古代中国の古典、『老子』の一説に「道可道、非常道」があります。読み下しでは「道の道とすべきは、常の道にあらず」となり、訳としては「これが道だと説明できるような道は、本物の道では無い」、となります。多少残念なのは、「憲政の常道」と言った場合の「常道」、広辞苑では、「常に従うべき道。常に遵守すべき道。」とは多少意味合いが違って来る事です。
政治家が道徳や社会規範などを、一般市民を前にして演説したり、議会の本会議場で論ずるのを、脇で聴く機会が多くあります。しばしば、私はその政治家の私的な日常の言動や文化志向と対照して、落差に戸惑う事がしばしばです。
しかし、そもそも政治とは、一定の虚構を作り出して、それを前提に世を論ずるものであり、そのような挙に出るのが政治家の宿命である、と最近考えるようになってきました。

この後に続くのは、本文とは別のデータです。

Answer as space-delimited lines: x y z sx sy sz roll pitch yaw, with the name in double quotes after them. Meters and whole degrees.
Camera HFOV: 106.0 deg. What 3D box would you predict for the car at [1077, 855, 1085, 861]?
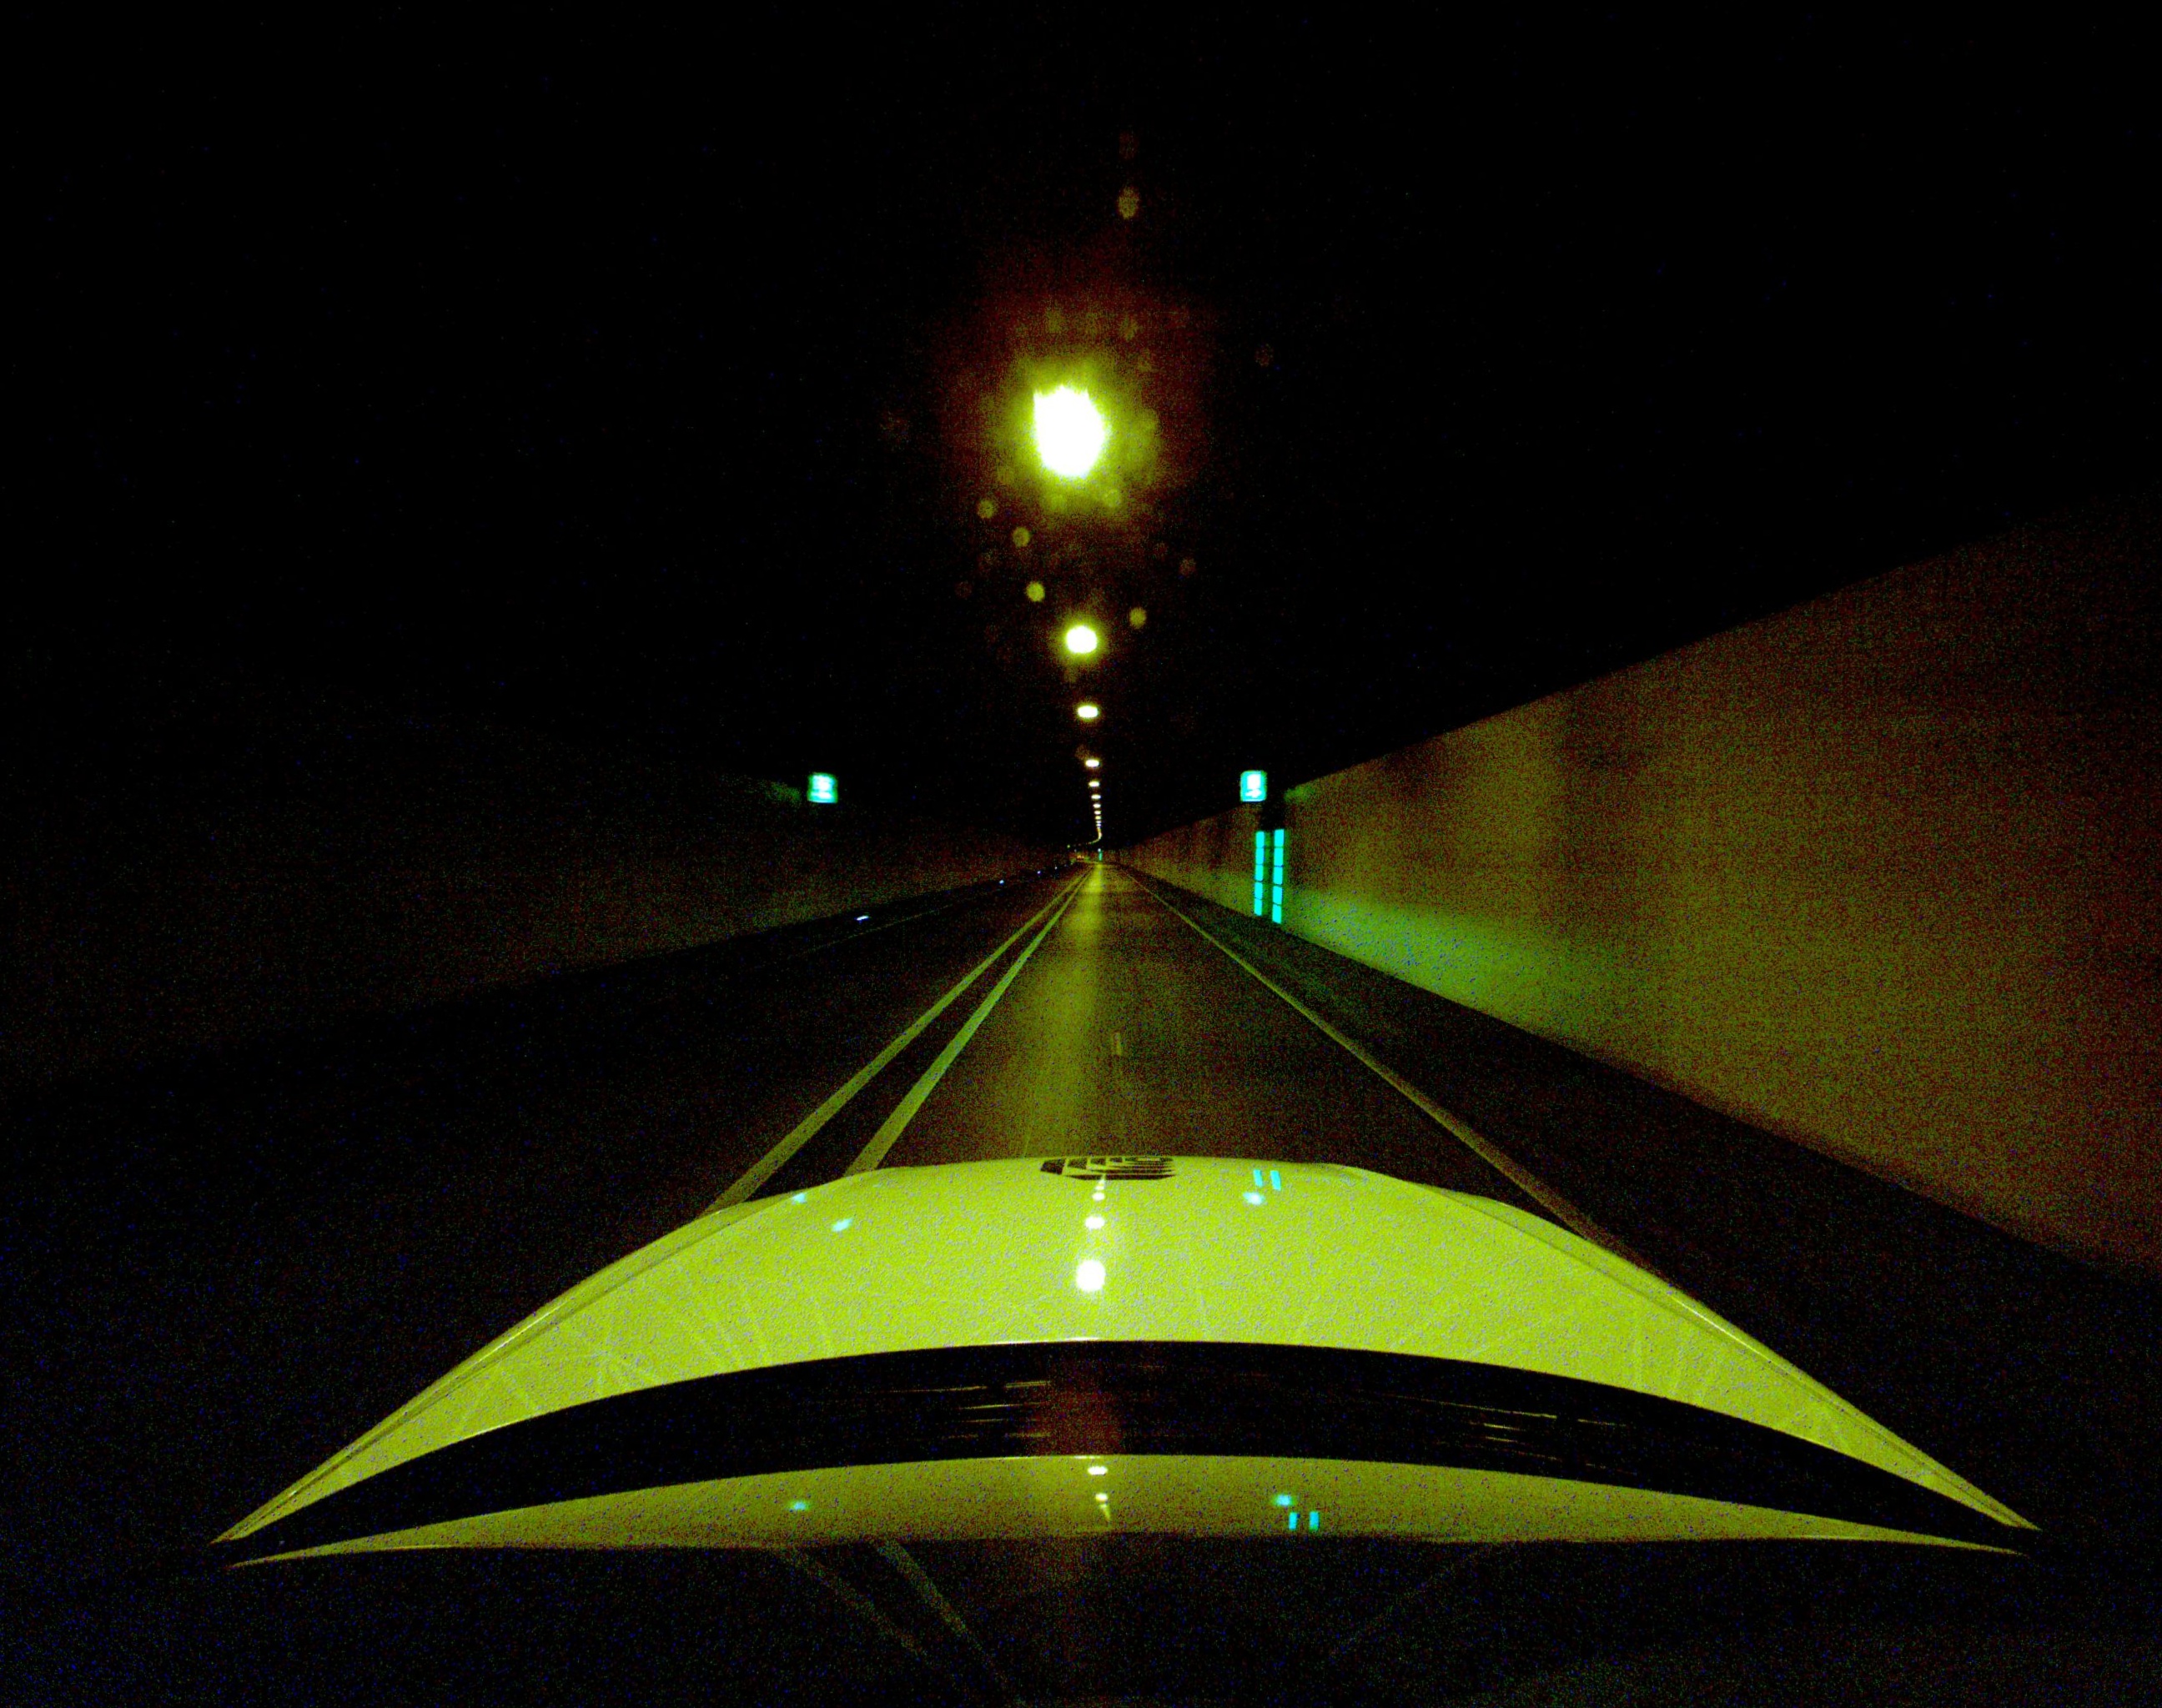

そもそも漢字の「政」とは、正しい事を、鞭を振るって強制する意味のように解釈します。無為自然に正しいことが行われ、自ずから世の中が正しく治まるものならば、「無為自然」が正しいのでしょうが、文明といった自然とかけ離れた基盤を前提とした、現代の「文明」世界に生存せざるを得ない人類にとって、老荘思想は理想のまた理想でしょう。
そこで、政治家が「道」であると提示した場合、基本的には否定的に考える習慣を身に付けるのも、成熟した社会、民主主義の要件でしょう。これが、民主主義を「健全」に保つための、必要条件でしょう。多少悲しい現実ではありますが。